" he added, as he
picked it up off the floor. Every button had been pulled off in the
machine.
"Oh, dear!" sighed his sister. "She's spoiled!"
"Oh, no. I'll help you make her look like a messenger again, Rose," said
her mother "But you boys had better keep away from the corn-shelling
machine. You might be hurt."
Russ and Laddie promised. They had not really meant to annoy Rose, but
they had just not stopped to think. They did so want to see the yellow
shoe buttons pulled off their sister's doll. And that's just what
happened. The doll was shaped something like an ear of corn, and the
yellow buttons stuck out like kernels. And so the doll was "shucked."
After a while Rose got over feeling bad, and the next day all the yellow
buttons were sewed back on the doll. And Tom kept the corncrib locked, so
Laddie and Russ could not get into it again.
"But it was lots of fun seeing the yellow buttons drop out the spout,"
said Russ.
"And I could almost make up a riddle about it," added Laddie.
"I don't want any riddles about my doll," objected Rose. "She's too nice.

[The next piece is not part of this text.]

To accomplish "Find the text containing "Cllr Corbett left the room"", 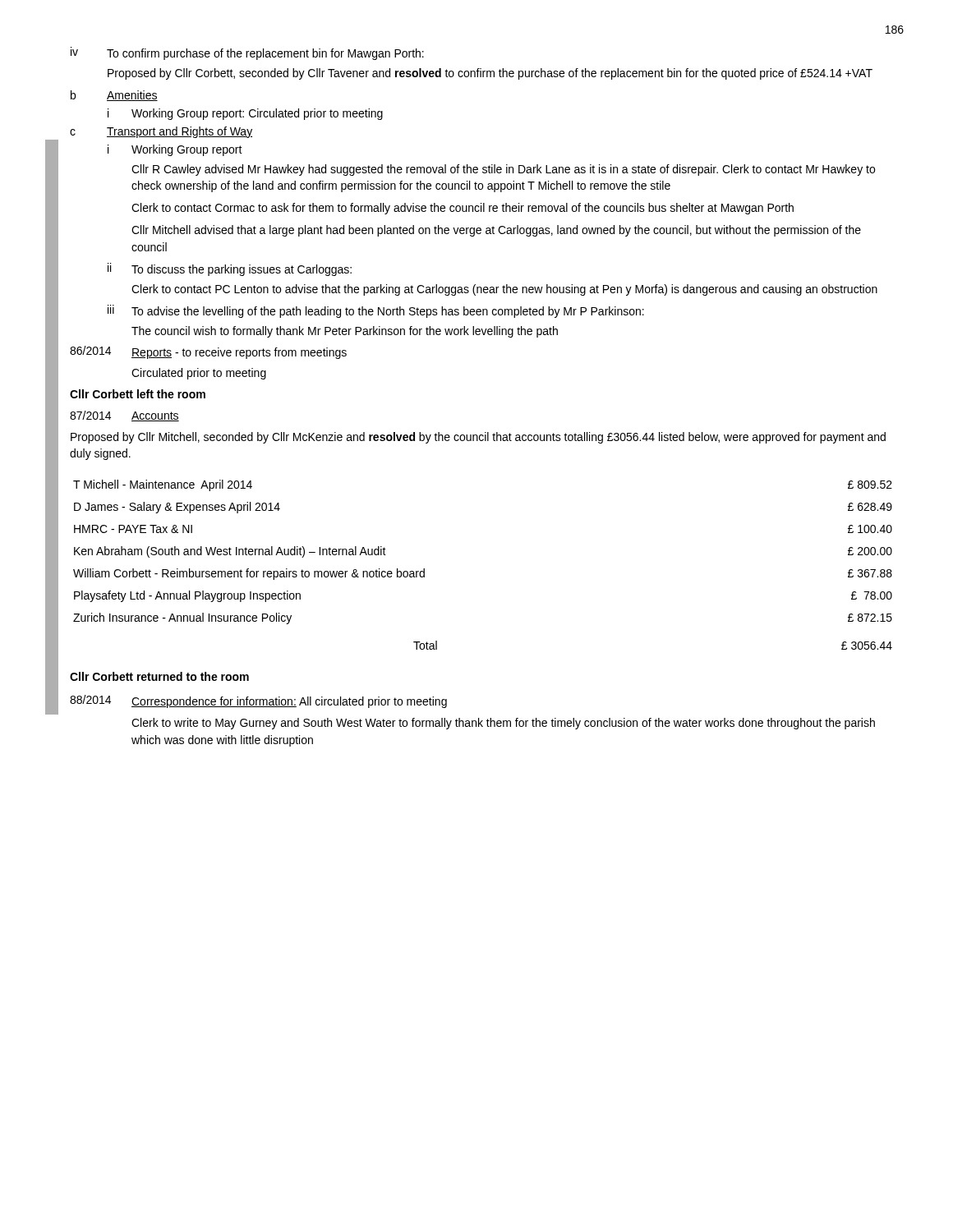I will pyautogui.click(x=138, y=394).

I'm going to sew some yellow buttons on now, and black ones too, 'cause
you lost some of the yellow ones."
"Well, we won't shuck her any more," promised Russ.
These were happy days at Grandma Bell's. Something new could be played by
the children all the while. They loved it in the woods, and on the shores
of beautiful Lake Sagatook.
"When are you going to get the boat, Daddy, and take us out?" asked Russ
one afternoon, when they had seen the red-haired fishermen once more. He
came close to the sandy point, and talked to the six little Bunkers, but
he said he had not yet found the lumberman who had been given the ragged
coat with Mr. Bunker's papers in the pocket.
"I'll get a boat next week," promised Mr. Bunker. "Then we can all go for
a row."
"And fish, too?" asked Russ.
"Yes, we'll fish also," said his father.
But, as it happened, Laddie got tired waiting for the boat, and made one
himself. At least he made a sort of raft.
He nailed some boards and pieces of wood together, and when he pushed the
raft into the shallow water, near the shore of Sandy Point, as the
children called their play-spot, Laddie found that he could stand up on
his raft and push himself along. The raft floated with him on it, as
though it were a boat. Of course the water came up over the top, but as
Laddie went barefooted this did not matter.